After the Teacher from Galilee resurrected his beloved friend Lazarus — says the gospel according to John — Israel’s religious authorities got so alarmed they plotted to take Jesus’ life.
“It is better for you that one man die for the people than that the whole nation perish,” the high priest Caiaphas told his confreres as he strove to allay their fears of armed intervention by Caesar should the people rally around the Christ and revolt against the Roman Empire.
As we observe with Christians around the world the holiest of weeks on the liturgical calendar, we bemoan the continual cheapening of human life across our country.
The discourse of Cebu’s community leaders in the wake of the bloodbath in the metropolis does not go far in upholding the right to life upon which is hinged every other human rights.
Last Friday’s shootings in uptown Cebu City that killed security guard Wilson Bucag and injured his colleagues as well as Wellington Lim and two Germans who were caught in the crossfire.

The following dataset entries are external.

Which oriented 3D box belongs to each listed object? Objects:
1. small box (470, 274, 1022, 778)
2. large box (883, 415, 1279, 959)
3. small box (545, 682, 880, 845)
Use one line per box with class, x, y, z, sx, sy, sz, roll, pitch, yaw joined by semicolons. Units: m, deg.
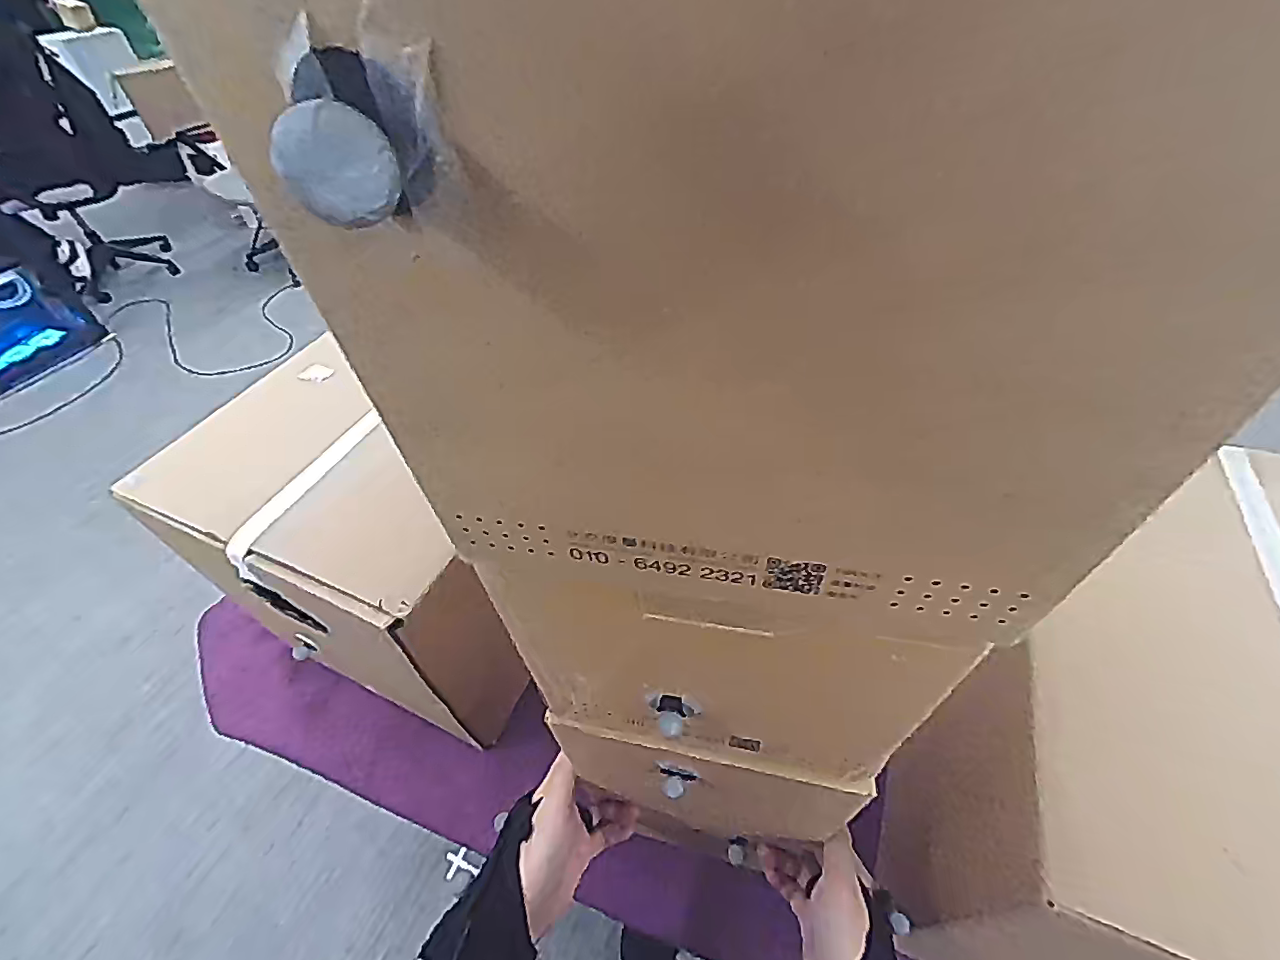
small box;0.045;0.020;0.271;0.168;0.176;0.179;6;50;11
large box;0.417;0.213;0.450;0.320;0.320;0.408;16;49;16
small box;0.055;0.136;0.385;0.179;0.176;0.168;7;49;11

Subsequently, a chorus of voices called on police to stop the violence for the sake of business, tourism, and the country’s reputation.
Our community leaders can do better than speak as if the killings were just domestic dirt to be swept under the carpet or a senile relative to lock up in a soundproof room for us to keep up appearances with our guests and spare ourselves from shame.
The continual killings are alarming — and we disagree with the police’s insistence on the lack of a pattern in them since they at the very least share the commonality of being perpetrated using guns, as we already noted in this space — not because they would turn off tourists and investors or make Cebu a spectacular embarrassment.
They are a cause of alarm because they rob persons of a divine gift that no creature has the authority to take; outrageous because they violate our common human will to survive and to flourish; reprehensible because they steal someone’s loved one and fear-inducing because no one knows who would fall next. The next victim could be any one of us.
When a man thinks only out of self-interest, no matter how enlightened to save his neighbor, he is only marginally different from the man, the member of the cheering squad to the bloody campaign against drugs, who supports out of self-interest the elimination of his neighbor.
Both men treat their fellow human beings as means to an end. Both men objectify and use people.
By all means, hasten the investigation of the killings and the arrest and prosecution of the perpetrators. By all means, reconvene without putting on recess the peace and order councils. But do so with a deep rather than a utilitarian motivation.
Start with gestures that convey the community’s grief because someone died, the community’s intolerance for violence. One such sign would be a visit to the wake of a victim like Wilson Bucag. For survivors like Pauline Basbach and Manuel Georrings, start with signs of regret and human solidarity.
Long ago, rather than rejoice over Lazarus’ restoration to life, Caiaphas abetted the murder of the man Christians recognize as the Son of God because of his obsession with public order and the stability of the elite.
Let us not act like Caiaphases of the 21st century.